[Items from a data source]
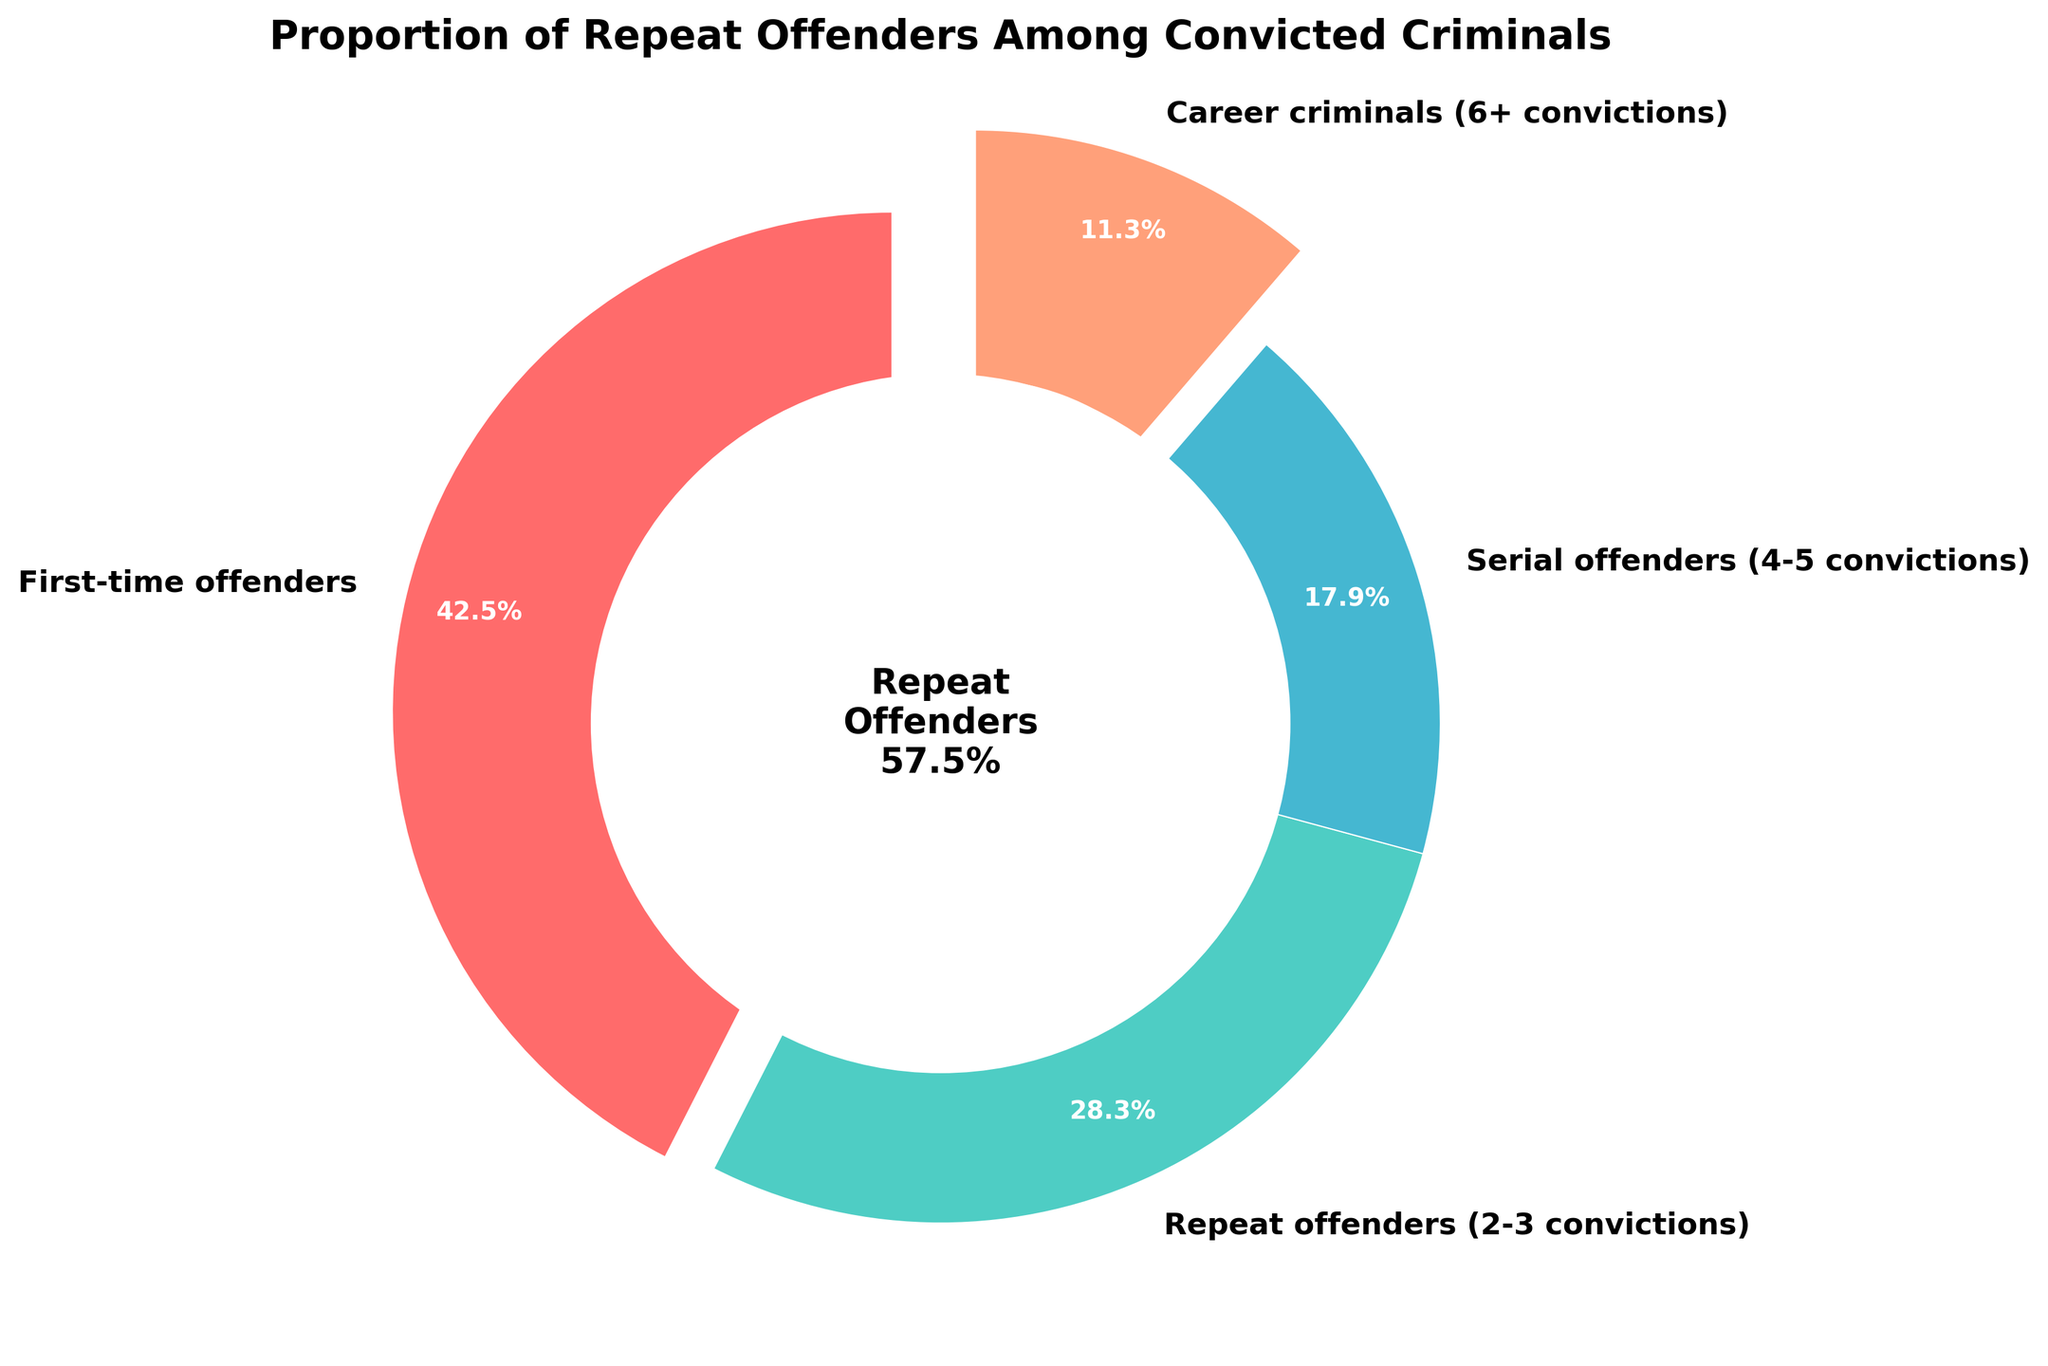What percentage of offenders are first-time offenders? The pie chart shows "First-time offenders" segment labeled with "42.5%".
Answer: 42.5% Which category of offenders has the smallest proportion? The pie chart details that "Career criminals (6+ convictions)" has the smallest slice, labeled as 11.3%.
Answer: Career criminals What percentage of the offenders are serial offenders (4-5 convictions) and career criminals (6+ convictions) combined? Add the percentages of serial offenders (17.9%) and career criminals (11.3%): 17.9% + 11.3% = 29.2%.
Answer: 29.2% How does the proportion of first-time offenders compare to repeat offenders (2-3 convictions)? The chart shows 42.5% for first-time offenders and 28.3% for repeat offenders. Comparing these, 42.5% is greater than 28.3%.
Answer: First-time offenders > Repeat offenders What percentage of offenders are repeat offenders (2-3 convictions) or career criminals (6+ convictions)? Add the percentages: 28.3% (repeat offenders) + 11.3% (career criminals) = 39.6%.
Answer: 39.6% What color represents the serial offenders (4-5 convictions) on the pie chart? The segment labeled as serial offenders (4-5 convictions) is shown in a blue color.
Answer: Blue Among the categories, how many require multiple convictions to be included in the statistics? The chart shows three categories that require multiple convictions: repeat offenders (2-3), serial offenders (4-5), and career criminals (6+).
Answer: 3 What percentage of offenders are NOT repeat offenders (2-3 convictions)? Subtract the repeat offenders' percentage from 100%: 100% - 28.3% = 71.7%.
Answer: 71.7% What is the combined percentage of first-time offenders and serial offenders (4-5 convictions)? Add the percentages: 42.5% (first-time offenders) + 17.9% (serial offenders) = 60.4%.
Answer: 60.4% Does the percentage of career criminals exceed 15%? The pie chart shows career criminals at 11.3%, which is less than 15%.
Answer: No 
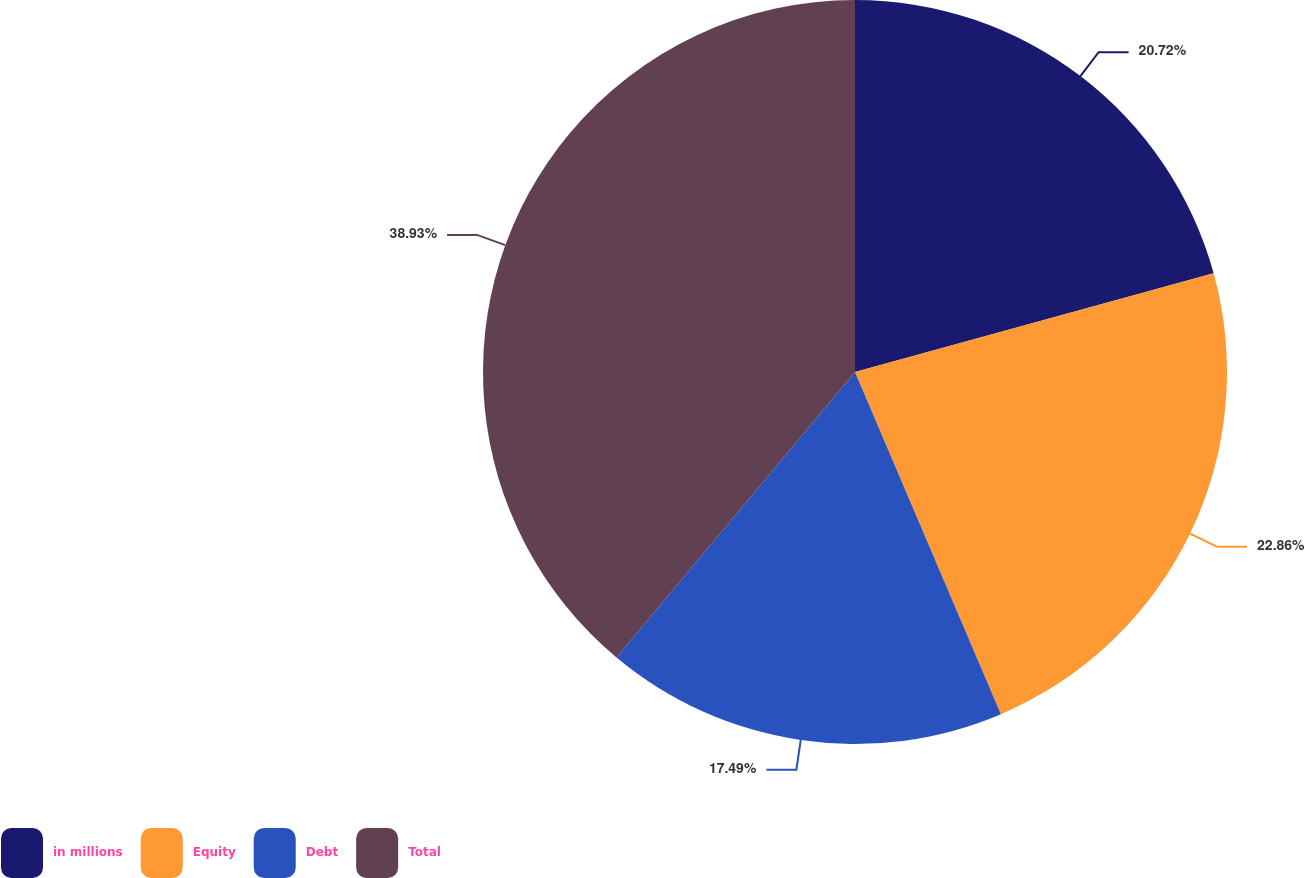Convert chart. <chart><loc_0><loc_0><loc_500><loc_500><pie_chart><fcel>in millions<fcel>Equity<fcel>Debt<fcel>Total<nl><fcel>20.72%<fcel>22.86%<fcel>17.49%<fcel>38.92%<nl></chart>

What you need to do >> Above are the records; give them all again exactly, apart from the pictures.

Response to this exercise >>
What percentage of offenders are first-time offenders? The pie chart shows "First-time offenders" segment labeled with "42.5%".
Answer: 42.5% Which category of offenders has the smallest proportion? The pie chart details that "Career criminals (6+ convictions)" has the smallest slice, labeled as 11.3%.
Answer: Career criminals What percentage of the offenders are serial offenders (4-5 convictions) and career criminals (6+ convictions) combined? Add the percentages of serial offenders (17.9%) and career criminals (11.3%): 17.9% + 11.3% = 29.2%.
Answer: 29.2% How does the proportion of first-time offenders compare to repeat offenders (2-3 convictions)? The chart shows 42.5% for first-time offenders and 28.3% for repeat offenders. Comparing these, 42.5% is greater than 28.3%.
Answer: First-time offenders > Repeat offenders What percentage of offenders are repeat offenders (2-3 convictions) or career criminals (6+ convictions)? Add the percentages: 28.3% (repeat offenders) + 11.3% (career criminals) = 39.6%.
Answer: 39.6% What color represents the serial offenders (4-5 convictions) on the pie chart? The segment labeled as serial offenders (4-5 convictions) is shown in a blue color.
Answer: Blue Among the categories, how many require multiple convictions to be included in the statistics? The chart shows three categories that require multiple convictions: repeat offenders (2-3), serial offenders (4-5), and career criminals (6+).
Answer: 3 What percentage of offenders are NOT repeat offenders (2-3 convictions)? Subtract the repeat offenders' percentage from 100%: 100% - 28.3% = 71.7%.
Answer: 71.7% What is the combined percentage of first-time offenders and serial offenders (4-5 convictions)? Add the percentages: 42.5% (first-time offenders) + 17.9% (serial offenders) = 60.4%.
Answer: 60.4% Does the percentage of career criminals exceed 15%? The pie chart shows career criminals at 11.3%, which is less than 15%.
Answer: No 
Convert chart. <chart><loc_0><loc_0><loc_500><loc_500><pie_chart><fcel>in millions<fcel>Equity<fcel>Debt<fcel>Total<nl><fcel>20.72%<fcel>22.86%<fcel>17.49%<fcel>38.92%<nl></chart>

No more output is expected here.